Robert Catesby & The Gunpowder Plot
Robert Catesby who was the driving force behind the terrorist plot to kill King James I, along with hundreds of others in the Gunpowder Plot. By Nicola Cornick.
Would ‘penny for the Robert’ have quite the same ring to it? Probably not, but as Nicola Cornick demonstrates, it was Robert Catesby who was the driving force behind the terrorist plot to kill King James I, along with hundreds of others in the Gunpowder Plot.
As a public historian I am very interested in the aspects of history that we remember - and those which are largely forgotten. When I was a child, Bonfire Night was the big festival of the autumn, replete with a guy on top of the bonfire, fireworks, toffee apples and oven baked potatoes. These days it has been eclipsed by the festival of Halloween, but long before that, Robert Catesby, the ringleader of the Gunpowder Plot, was eclipsed by Guy Fawkes.

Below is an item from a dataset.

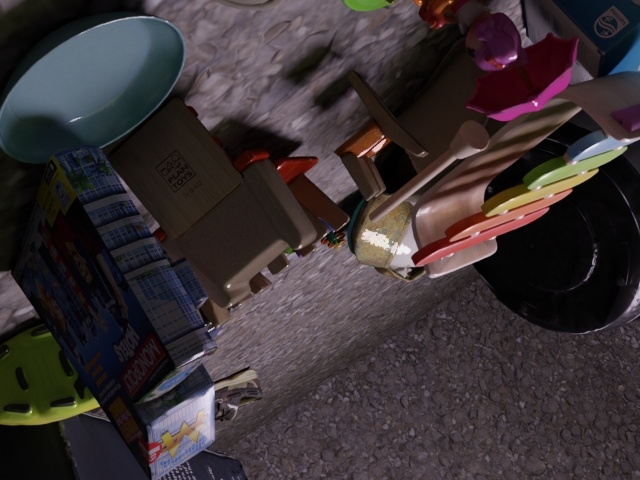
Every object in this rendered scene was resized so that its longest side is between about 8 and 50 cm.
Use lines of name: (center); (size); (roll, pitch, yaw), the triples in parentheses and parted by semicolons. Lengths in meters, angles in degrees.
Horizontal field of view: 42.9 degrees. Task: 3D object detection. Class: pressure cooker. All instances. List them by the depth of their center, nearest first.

The Gunpowder Plot of 1605 was a failed attempt to blow up the English parliament and assassinate King James I. It involved a group of Catholic conspirators whose aim was to re-establish Catholic rule in England. At the same time as King James and his son and heir Prince Henry and all the peerage were blown up, Robert Catesby and a number of other prominent Catholics in the Midlands intended to kidnap Princess Elizabeth, the only daughter of James I and Anne of Denmark, and put her on the throne as a puppet Catholic Queen.
It had been James’ refusal to grant religious tolerance to Catholics that spurred the plot on but it is important to see the Gunpowder Plot in the context of the politics and religious climate of the Tudor as well as the early Stuart era. Like those Catholic plots during the reign of Queen Elizabeth I, it didn’t spring from nowhere; it was a direct consequence of the laws that denied people the right to worship freely.